Но наш поэт – не гоголевский Андрий из «Тараса Бульбы» и даже не вечный девственник Чаадаев с его эстетской, кабинетной любовью к красиво оформленному гениальными художниками и музыкантами католицизму и декоративному папству. И не в том дело, что как бы обобщая опыт своих взаимоотношений с С.Киселевой, Воронцовой и Собаньской, Пушкин говорил, что польские кокетки самые ветреные и неблагопристойные. Это и так все знали, включая императора Александра I, многолетнего любовника красавицы-польки М.А.Нарышкиной. Куда важнее, что поэт вписал в альбом «демона» Собаньской свой лирический шедевр – стихотворение «Что в имени тебе моем?» Это достойная плата корыстной красавице за мучительные наслаждения скоротечной любовной страсти.
Стихотворение это, как и вся любовная лирика Пушкина, гениально и вполне самобытно развивает батюшковскую тему «памяти сердца». В любви память и забвение играют роль первостепенную, вокруг них вращаются все мысли, чувства и милые ссоры влюбленных. Пушкину в высшей степени свойствен роковой для любивших его женщин и спасительный для поэта «донжуанский» дар забвенья – черта характера настоящего мужчины. Но он умел вовремя вспомнить («Я думал, сердце позабыло…»). Это важно и для понимания сильных движений лирического чувства поэта.

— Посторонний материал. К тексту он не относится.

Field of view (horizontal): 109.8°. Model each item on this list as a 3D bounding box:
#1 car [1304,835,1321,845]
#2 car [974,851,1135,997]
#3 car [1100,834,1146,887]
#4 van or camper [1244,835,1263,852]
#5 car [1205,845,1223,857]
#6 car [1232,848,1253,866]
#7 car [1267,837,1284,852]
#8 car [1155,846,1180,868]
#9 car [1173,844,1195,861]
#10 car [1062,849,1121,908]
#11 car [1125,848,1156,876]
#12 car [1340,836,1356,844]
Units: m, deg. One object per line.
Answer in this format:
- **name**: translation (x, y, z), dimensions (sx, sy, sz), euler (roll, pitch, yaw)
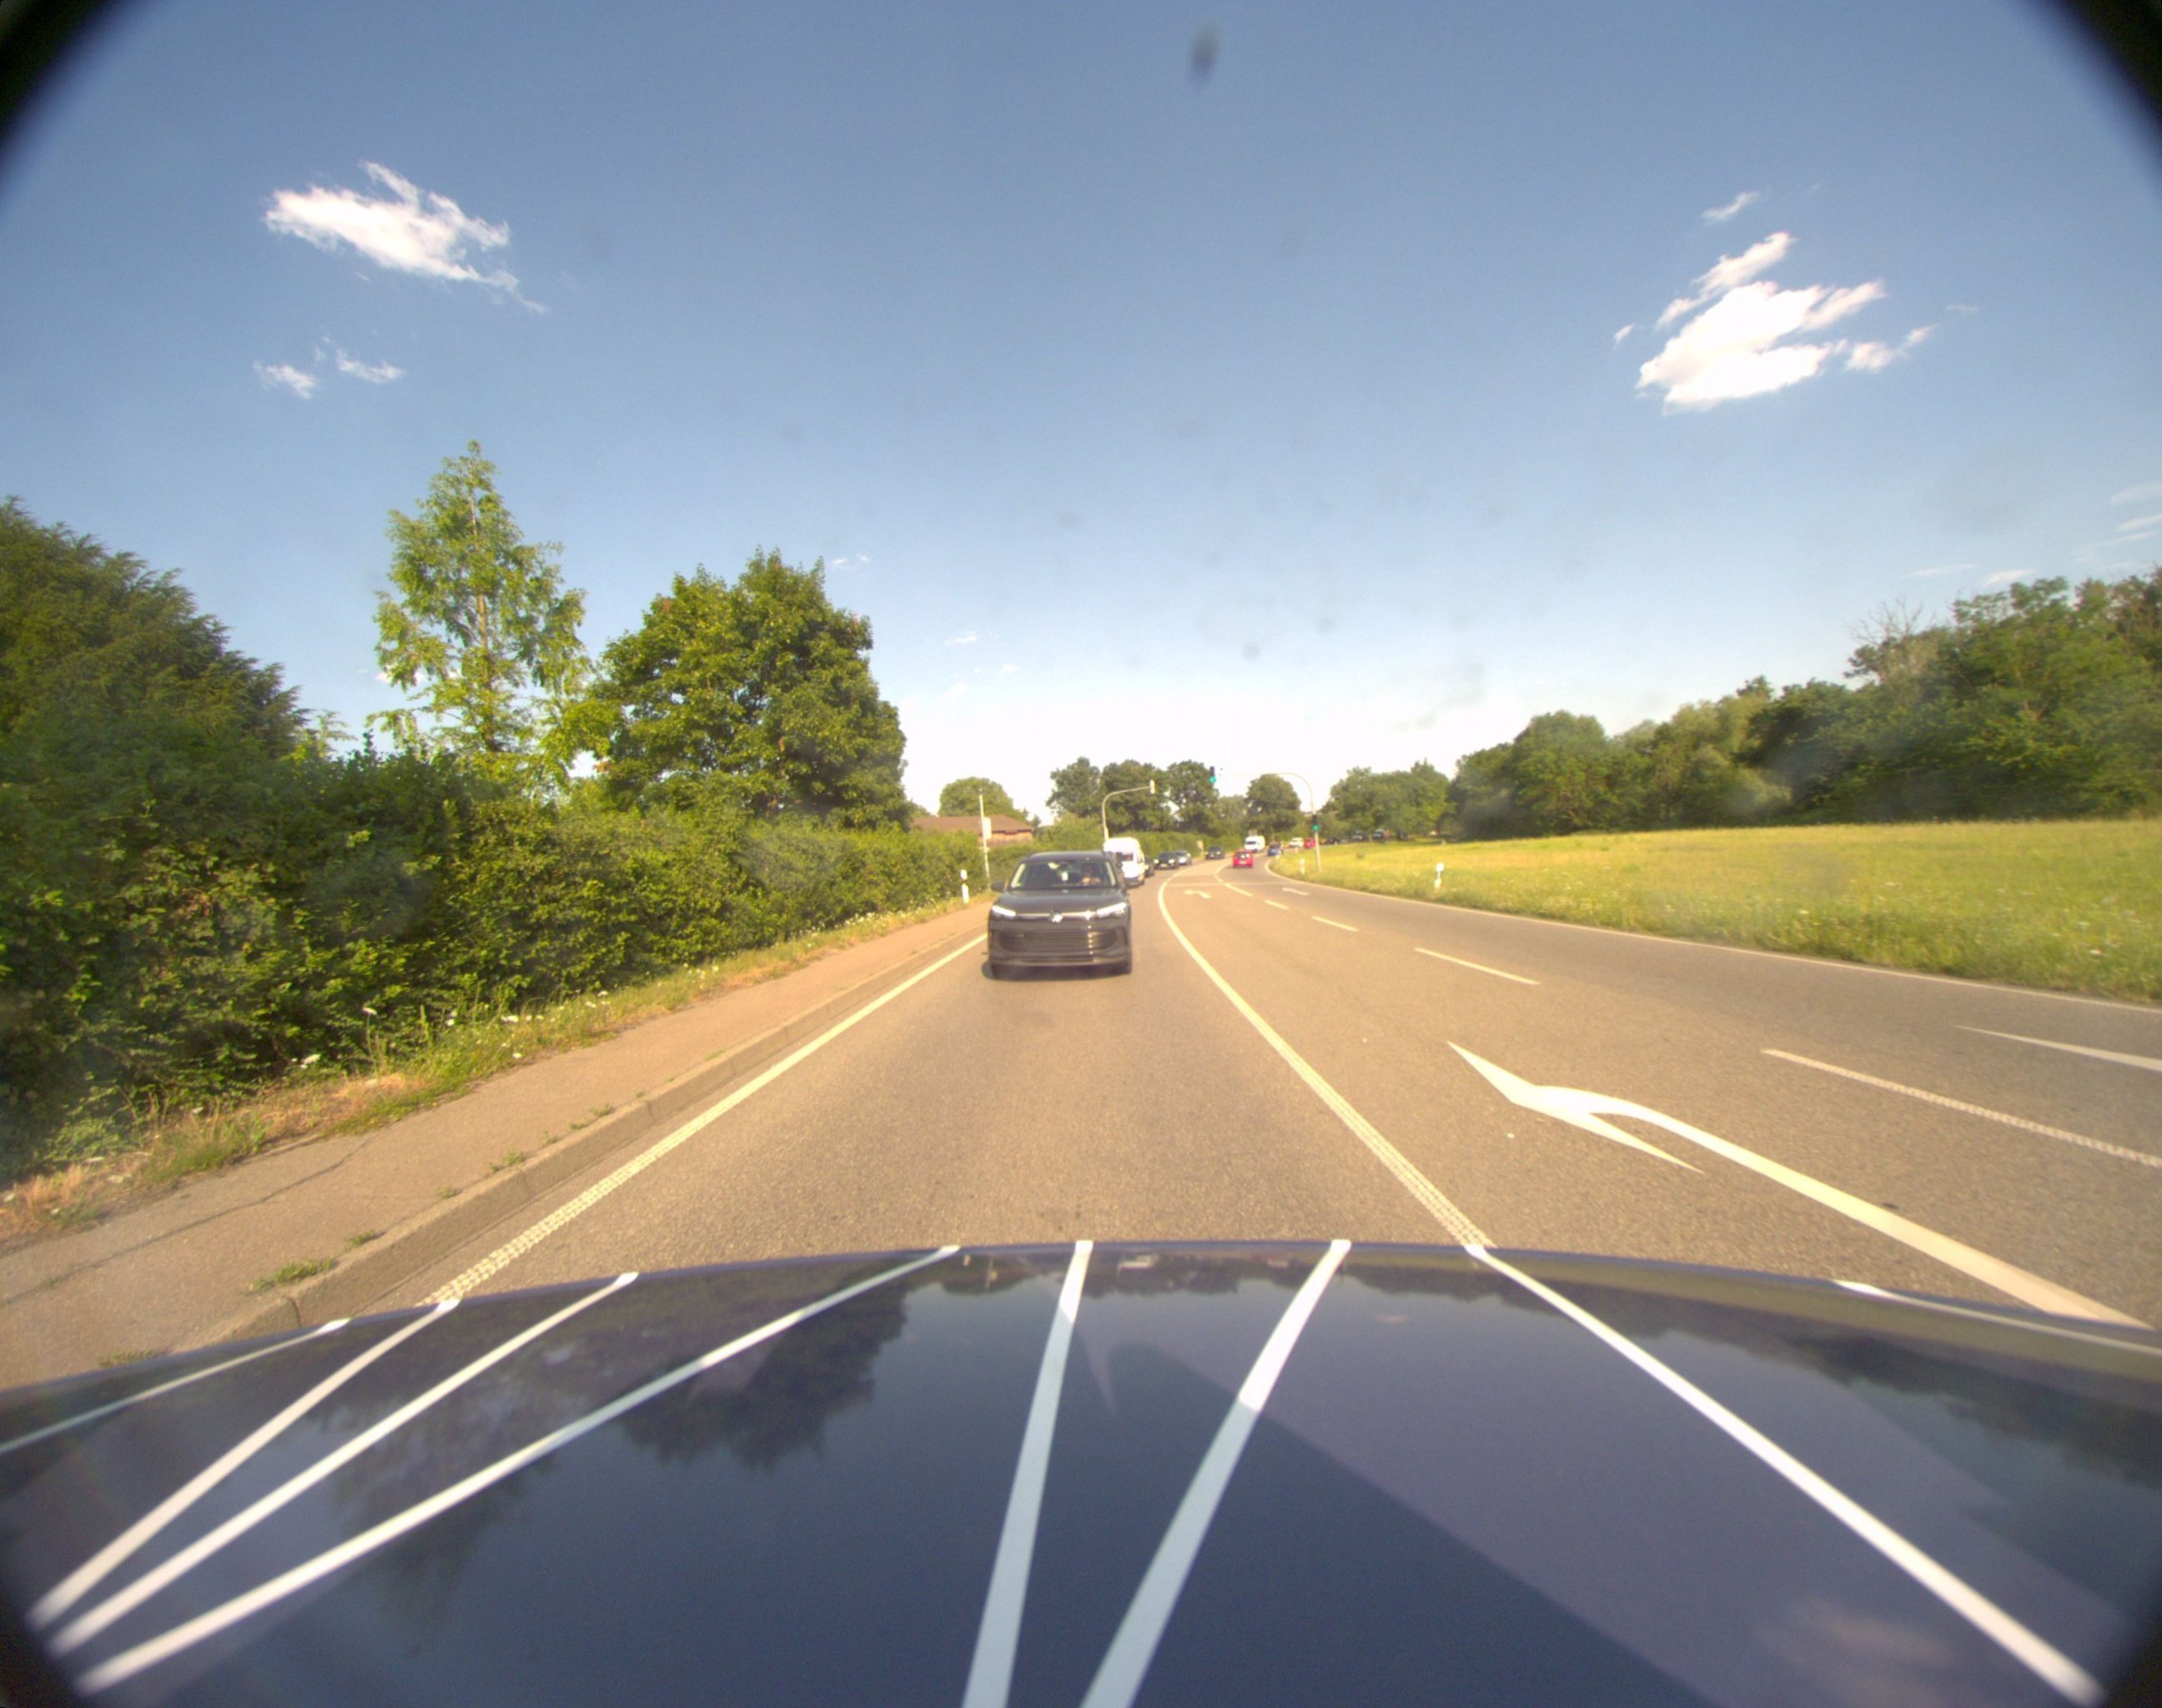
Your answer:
- **car**: translation (41.155, -2.476, 135.259), dimensions (1.881, 1.765, 4.330), euler (-1, 0, 31)
- **car**: translation (-0.247, 0.823, 10.964), dimensions (1.865, 1.633, 4.000), euler (-1, 1, 2)
- **car**: translation (2.098, 0.287, 36.311), dimensions (1.843, 2.338, 4.791), euler (-1, 1, 7)
- **van or camper**: translation (27.157, -1.726, 119.429), dimensions (2.031, 2.461, 5.084), euler (-4, 0, 22)
- **car**: translation (16.069, -0.388, 91.652), dimensions (1.605, 1.471, 3.621), euler (0, 1, 18)
- **car**: translation (13.402, 0.250, 63.124), dimensions (1.588, 1.458, 3.610), euler (-1, 0, 10)
- **car**: translation (25.753, -1.196, 100.518), dimensions (1.726, 1.871, 4.342), euler (-1, 0, 20)
- **car**: translation (7.177, 0.205, 62.728), dimensions (1.672, 1.718, 3.671), euler (0, 2, 13)
- **car**: translation (9.862, -0.147, 72.889), dimensions (1.633, 1.550, 3.420), euler (-1, 2, 15)
- **car**: translation (0.414, 0.711, 24.494), dimensions (1.659, 1.720, 3.805), euler (-1, 0, 4)
- **car**: translation (3.877, 0.483, 48.993), dimensions (1.692, 1.718, 3.670), euler (0, 1, 9)
- **car**: translation (56.805, -2.934, 161.741), dimensions (1.881, 1.577, 4.339), euler (-1, 0, 37)

И в юные годы он мог спокойно сказать: «И вы забыты мной, изменницы младые…» Но вершина здесь, конечно, знаменитое послание к А.П.Керн, начинающееся с бессмертной строки «Я помню чудное мгновенье…» и спокойно переходящее затем к потрясшим еще философа В.В.Розанова простодушным в своей откровенности словам:
И я забыл твой голос нежный,
Твои небесные черты.
Розанов верно сказал: «Это стихотворение к А.П.Керн, повторенное в отношении к тысяче предметов, и образует поэзию Пушкина, ценное у Пушкина, правду Пушкина… И все так же забывал Пушкин, и на этом забвении основывалась его сила; т.е. сила к новому и столь же правдивому восхищению перед совершенно противоположным!» Но стоит пойти дальше и сопоставить это послание с другим «воспоминательным» стихотворением, обращенным к умершей в далекой Италии одесской красавице Амалии Ризнич:
Но недоступная черта меж нами есть.
Напрасно чувство возбуждал я:
Из равнодушных уст я слышал смерти весть
И равнодушно ей внимал я.
…………………………………
Где муки, где любовь?..
Не только забвение, но и равнодушие… А ведь все это было – и трудная любовь, и муки ревности, и вечная, как оказалось, разлука, смерть загадочной возлюбленной, тревожная память, взволнованное, полное странной надежды призывание дорогой тени… Но затем ушло из памяти живого, смертного человека и осталось в любовной лирике гениального русского поэта, рядом с «Цветком», «Сожженным письмом», стихотворениями «Для берегов отчизны дальной…», «Не пой, красавица, при мне…», «Когда б не смутное влеченье…», «Я думал, сердце позабыло…», «Нет, я не дорожу мятежным наслажденьем…», «На холмах Грузии лежит ночная мгла…», «Подъезжая под Ижоры…», «Я вас любил: любовь еще, быть может…» Пушкин очень хорошо знал, что любовь связана со смертью (см. «Андрея Шенье», «Прозерпину» и «Клеопатру»). Но видел в ней одну из главных сил вечной жизни. И сохранил для нас свои глубокие думы, чувства и прозрения в шедеврах любовной лирики, которые понимает и как бы заново переживает с великим поэтом каждый внимательный и благодарный читатель.